Lines before the one containing "Might I ask" are left out. Retype that line and the rest through the end of the material exactly.

> [Dataset content]:
+---+

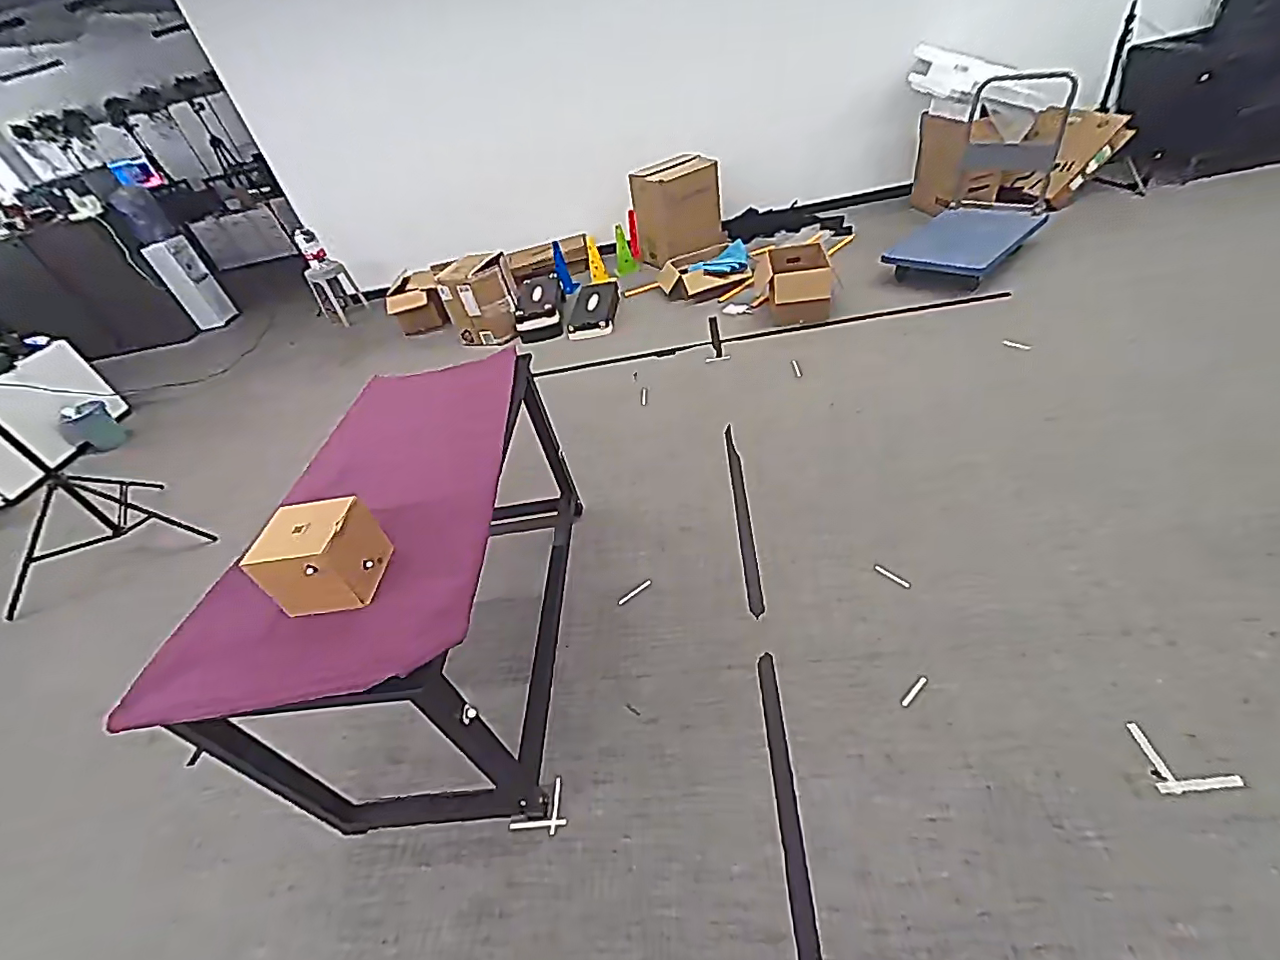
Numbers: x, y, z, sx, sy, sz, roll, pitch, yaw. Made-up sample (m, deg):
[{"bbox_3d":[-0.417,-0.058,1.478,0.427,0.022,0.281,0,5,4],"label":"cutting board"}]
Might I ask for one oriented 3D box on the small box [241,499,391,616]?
[{"bbox_3d":[-0.658,0.164,1.123,0.179,0.176,0.168,-9,40,5],"label":"small box"}]

+---+

> [Response to the exercise]:
Might I ask for one oriented 3D box on the small box [241,499,391,616]?
[{"bbox_3d":[-0.658,0.164,1.123,0.179,0.176,0.168,-9,40,5],"label":"small box"}]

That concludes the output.